ウェルテが十三才の時、ヴァンペルトはウェルテをプラムベリー城内にある広場へと連れて行った。そこには二人の同年代の少年がいた。一人はブロンドの髪を伸ばし、真っ白なカラーシャツに優美な半ズボンと高価なタイツを履いた、見るからに貴族然とした美少年で、急に現れたウェルテを値踏みするような目で見つめていた。もうひとりは銀色に近い短髪のたくましい少年で、荒く織った、ほころびだらけのチュニックを着ていた。どうみても城で剣術の稽古が受けられる身分には見えないその少年は、貴族でも農民でもなさそうなウェルテにどう接しようか悩んでいるような顔で見つめていた。これが、ウェルテとガスコンの初めての出会いだった。

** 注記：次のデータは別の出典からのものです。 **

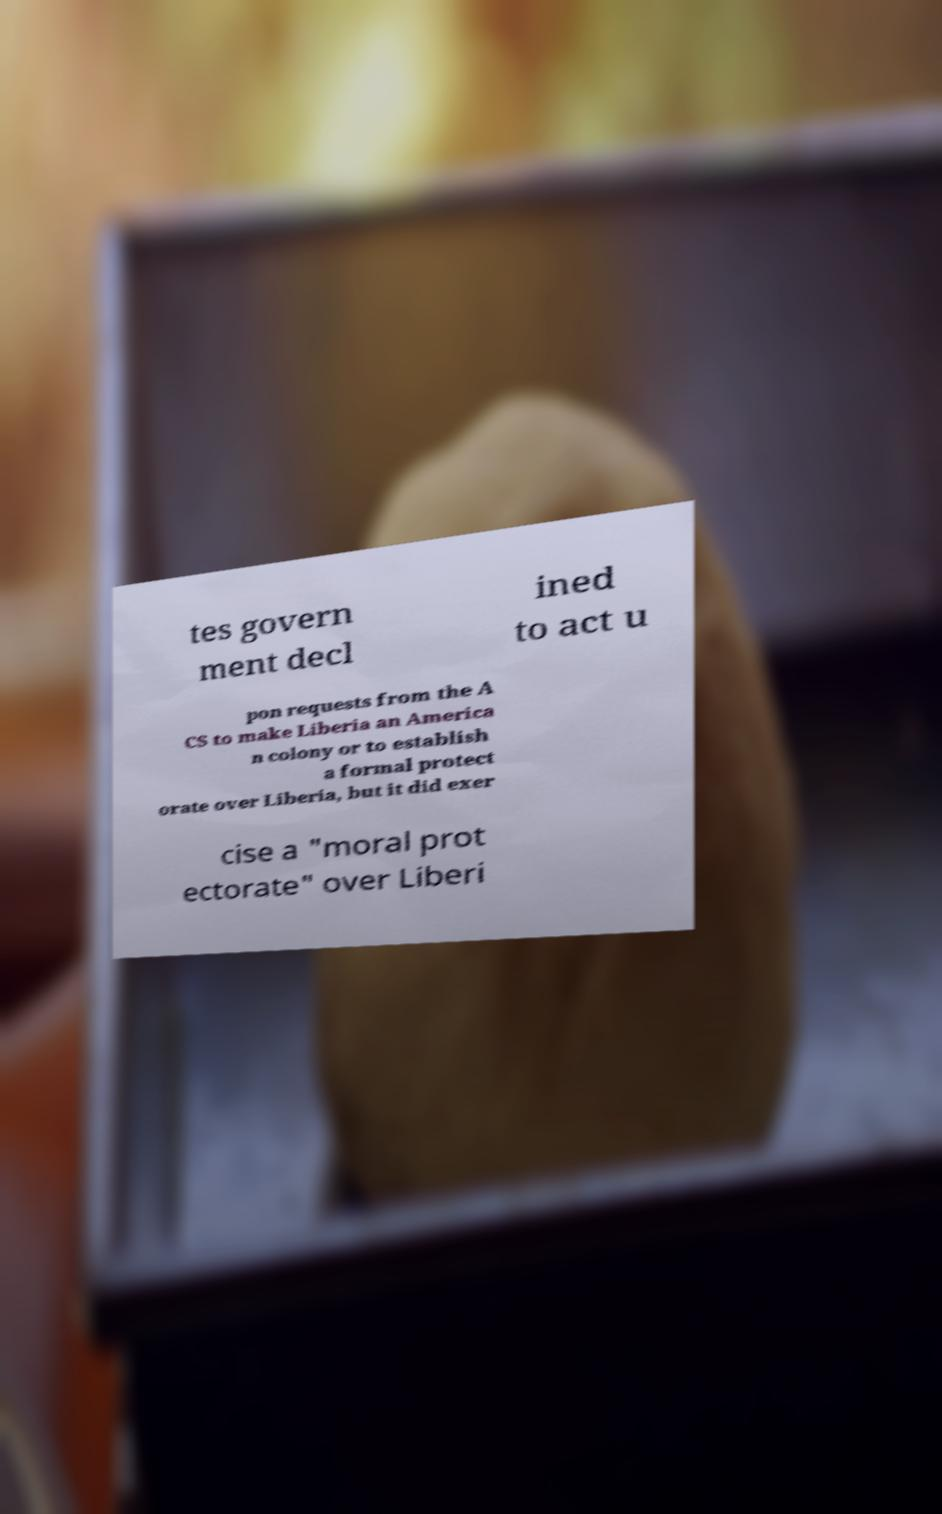Could you assist in decoding the text presented in this image and type it out clearly? tes govern ment decl ined to act u pon requests from the A CS to make Liberia an America n colony or to establish a formal protect orate over Liberia, but it did exer cise a "moral prot ectorate" over Liberi 
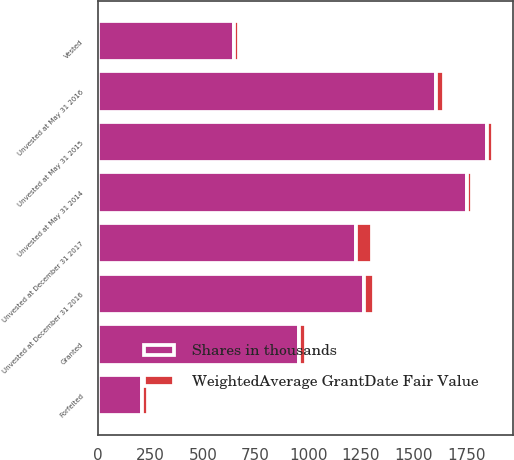Convert chart. <chart><loc_0><loc_0><loc_500><loc_500><stacked_bar_chart><ecel><fcel>Unvested at May 31 2014<fcel>Granted<fcel>Vested<fcel>Forfeited<fcel>Unvested at May 31 2015<fcel>Unvested at May 31 2016<fcel>Unvested at December 31 2016<fcel>Unvested at December 31 2017<nl><fcel>Shares in thousands<fcel>1754<fcel>954<fcel>648<fcel>212<fcel>1848<fcel>1606<fcel>1263<fcel>1226<nl><fcel>WeightedAverage GrantDate Fair Value<fcel>22.72<fcel>36.21<fcel>23.17<fcel>27.03<fcel>28.97<fcel>37.25<fcel>49.55<fcel>78.29<nl></chart> 
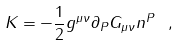Convert formula to latex. <formula><loc_0><loc_0><loc_500><loc_500>K = - \frac { 1 } { 2 } g ^ { \mu \nu } \partial _ { P } G _ { \mu \nu } n ^ { P } \ ,</formula> 
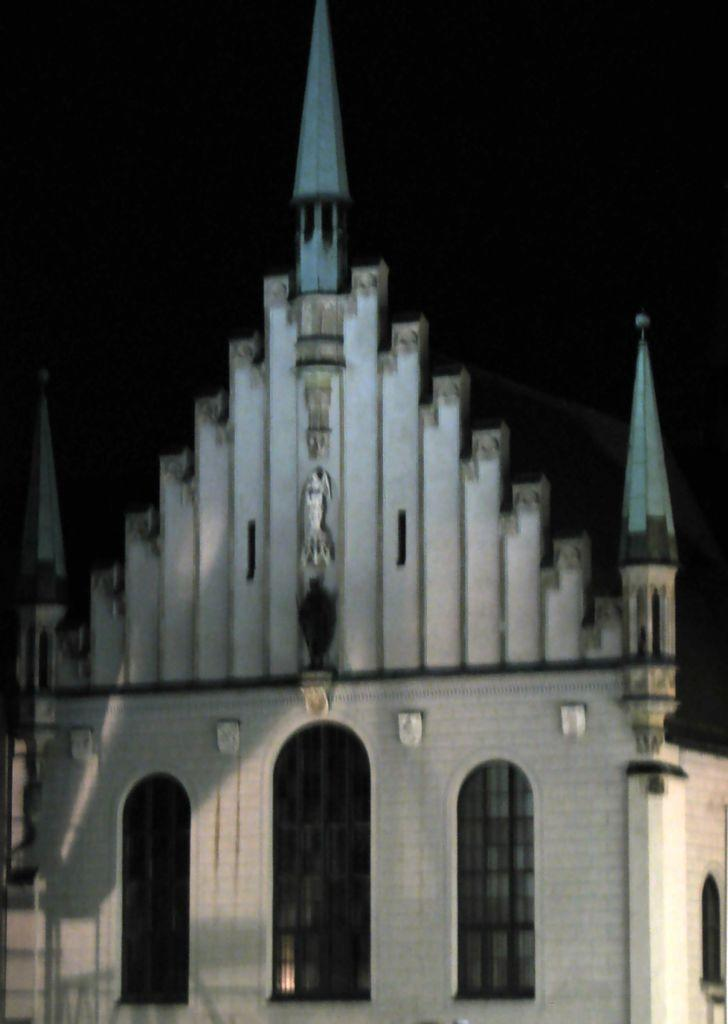What is the main subject in the center of the image? There is a building in the center of the image. What can be seen in the background of the image? The sky is visible in the background of the image. What type of honey is being used for treatment in the image? There is no honey or treatment present in the image; it only features a building and the sky.

「暇な時間に息子に剣術の稽古をつけてくれと、とある貴族に頼まれたんだがな。相手が子供一人だと、どうもやりにくくてかなわん。そういうわけで三人まとめてやることにした。各々に最も必要な稽古をつけてやる」
このことについて貴族の少年はなんだかんだと文句を言っていたが、ヴァンペルトは笑いながら自分のあご鬚をなでてその声を受け流している姿を、ウェルテは昨日の事のように思い出した。
「ヴァン先生は、今どうしているかなぁ……」
ウェルテはスープを飲み干すとつぶやいた。
「先生の事だ。どーせまた子供相手にチャンバラごっこでもしてんじゃねーかな。ひょっとしたら、北部の異端者達に稽古でもつけてるかもな」
ガスコンはカットラスを鞘から抜き、血で汚れた刀身をボロ布で磨きながら言った。北部では宗教を巡る紛争が激化し、宗教的異端者に対する恐ろしい弾圧が行われているという噂話がアグレッサにまで届いていた。

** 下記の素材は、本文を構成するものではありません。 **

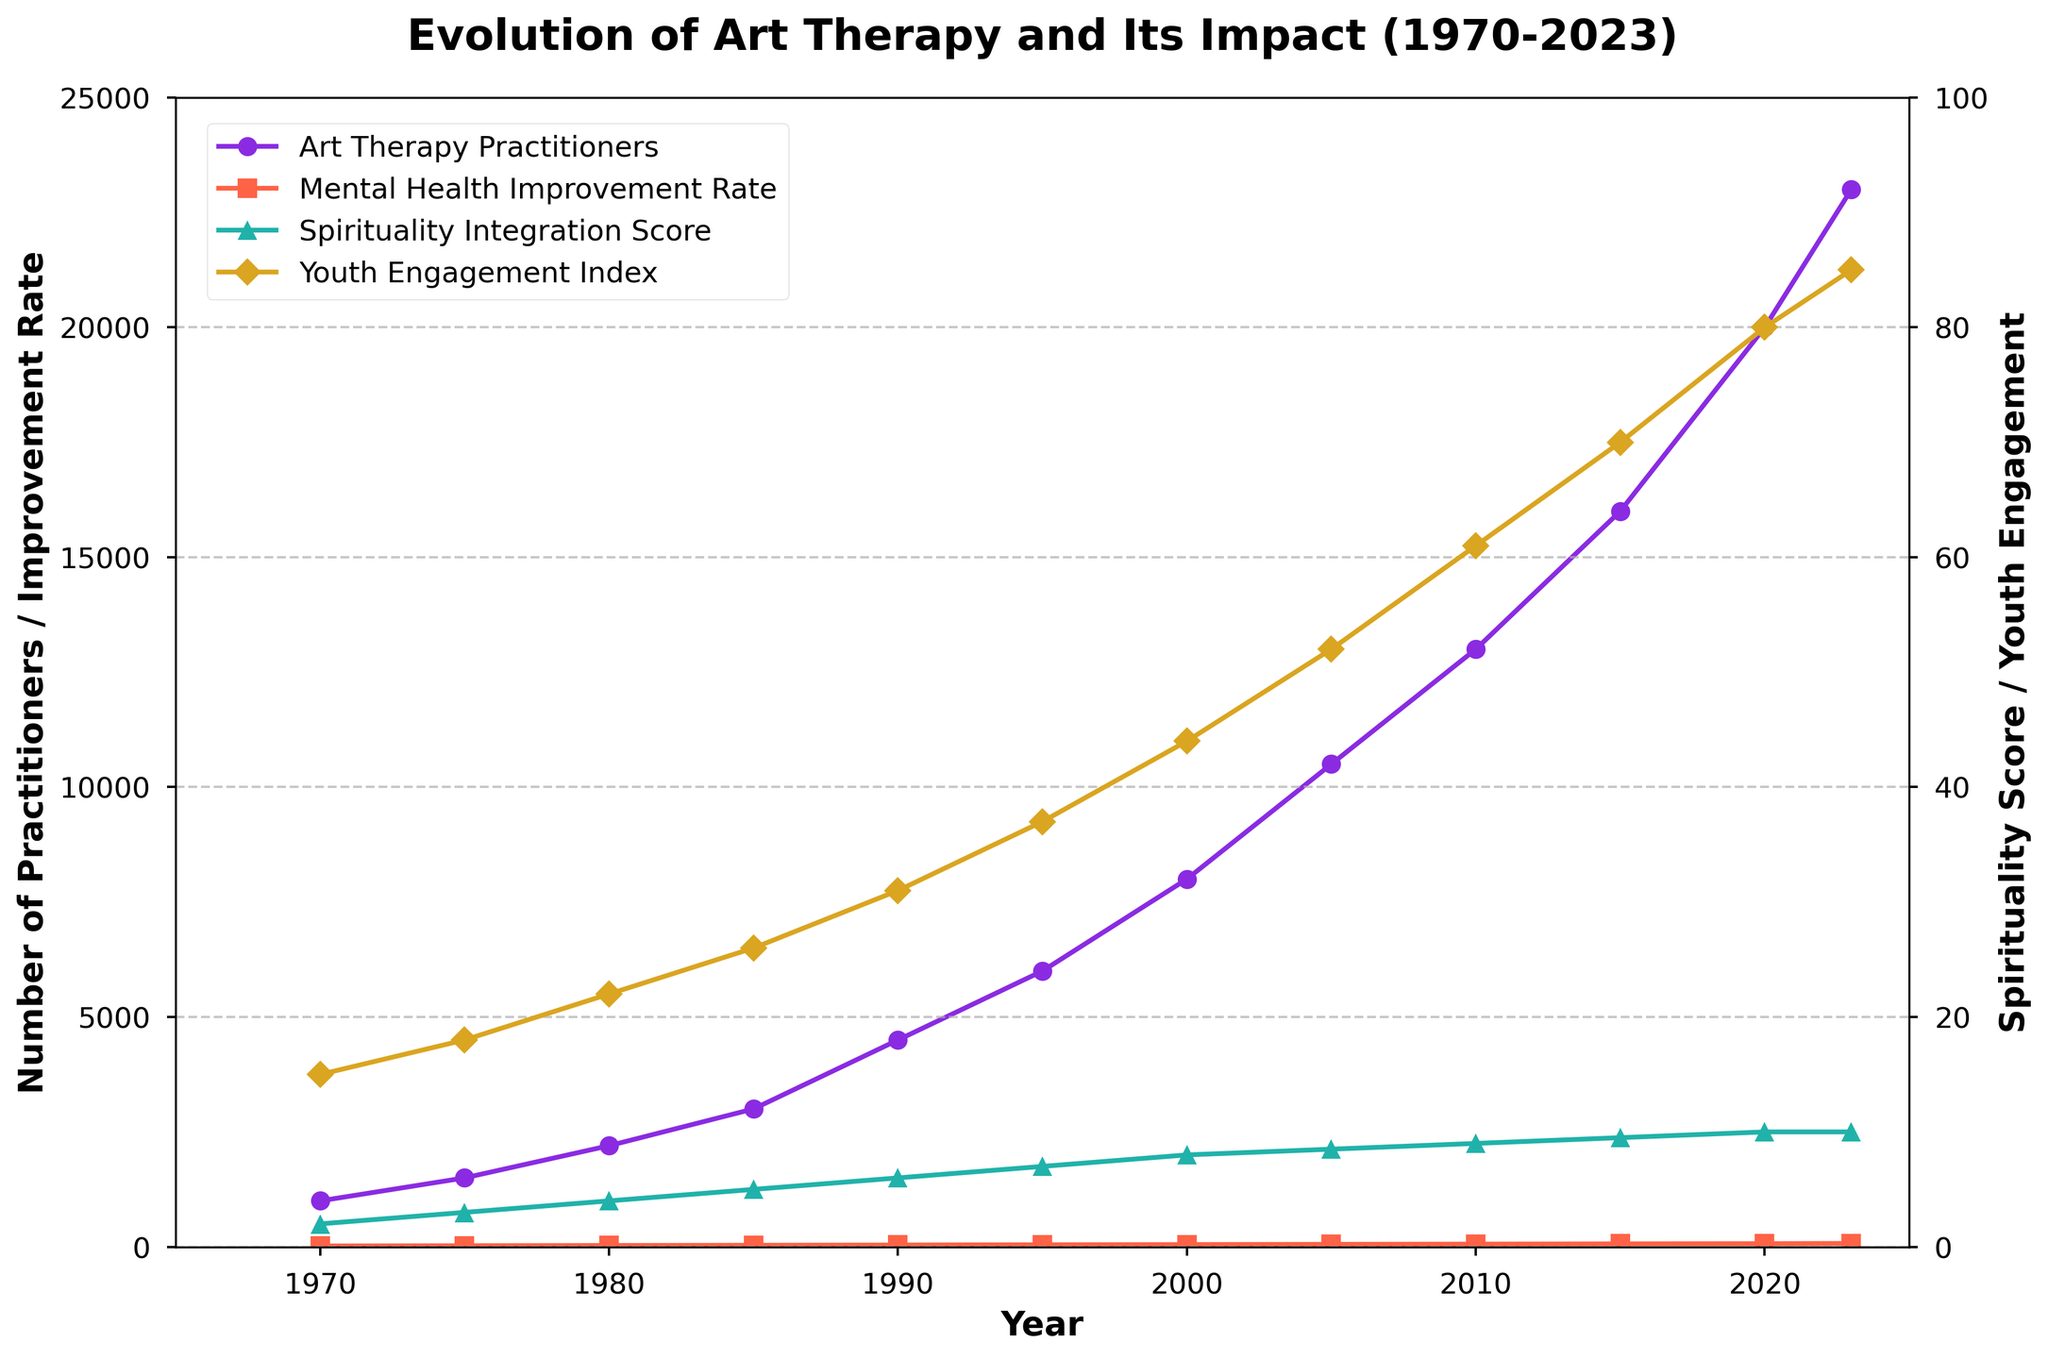What is the overall trend of the number of Art Therapy Practitioners from 1970 to 2023? From the figure, the number of Art Therapy Practitioners shows a continuous upward trend from 1970 to 2023. This indicates a steady increase in the number of practitioners over the years.
Answer: Continuous upward trend In which period did the Mental Health Improvement Rate experience the most significant increase? By visually inspecting the figure, the rate of mental health improvement shows the greatest rise in the period between 2000 and 2005 where it increased from 50 to 55. Prior to this, the increments were relatively smaller.
Answer: 2000 to 2005 How does the Youth Engagement Index in 2023 compare to that in 1970? The Youth Engagement Index increases from 15 in 1970 to 85 in 2023. This represents a significant rise over the period.
Answer: Significantly increased By how many points did the Spirituality Integration Score increase from 1970 to 1990? The Spirituality Integration Score in 1970 is 2 and it increases to 6 in 1990. The difference is calculated as 6 - 2 = 4.
Answer: 4 points Which two years had the greatest difference in the number of Art Therapy Practitioners? The greatest difference in the number of Art Therapy Practitioners occurs between 1970 (1000 practitioners) and 2023 (23000 practitioners). The difference is 23000 - 1000 = 22000.
Answer: 1970 and 2023 How did the Spirituality Integration Score change between 2005 and 2010? The score increased from 8.5 in 2005 to 9 in 2010. Therefore, it increased by 0.5 points during this period.
Answer: Increased by 0.5 points At which point does the Mental Health Improvement Rate reach 50? The Mental Health Improvement Rate reaches 50 in the year 2000. This is identified by locating the line for Mental Health Improvement Rate intersecting with the 50-mark on the y-axis.
Answer: Year 2000 Compare the height of the Mental Health Improvement Rate line in 1995 and the Youth Engagement Index line in 2023. Which is higher? The Mental Health Improvement Rate in 1995 is 45, while the Youth Engagement Index in 2023 is 85. Consequently, the Youth Engagement Index line in 2023 is higher.
Answer: Youth Engagement Index in 2023 What is the average Mental Health Improvement Rate across all the years shown? To calculate the average, add all the Mental Health Improvement Rates and divide by the number of years: (20 + 25 + 30 + 35 + 40 + 45 + 50 + 55 + 60 + 65 + 70 + 75) / 12 = 570 / 12 = 47.5.
Answer: 47.5

「あたしも信心深いほうじゃないけどさぁ、教会もえげつないことすると思うわ」
そう言ってロクサーヌがウェルテに温かい茶を渡した。
「おい! 気をつけねーと、もし祭司にでも聞かれたらヤバイぞ」
あわててガスコンがたしなめるが、ロクサーヌは関係ないとばかりに首をふった。
「何言ってんの。教会のお偉いさんがこんなところに来るわけないよ。それにしても最近の救済税、ちょっと上がりぎだとは思わない、ねぇウェルテ」
教会へ納める救済税はそれぞれの領主を通して宗教都市グライトの教主へと納められる。その領主の元で直接、税を取り立てるのはウェルテのような徴税吏だった。ウェルテも困惑顔でお茶をすする。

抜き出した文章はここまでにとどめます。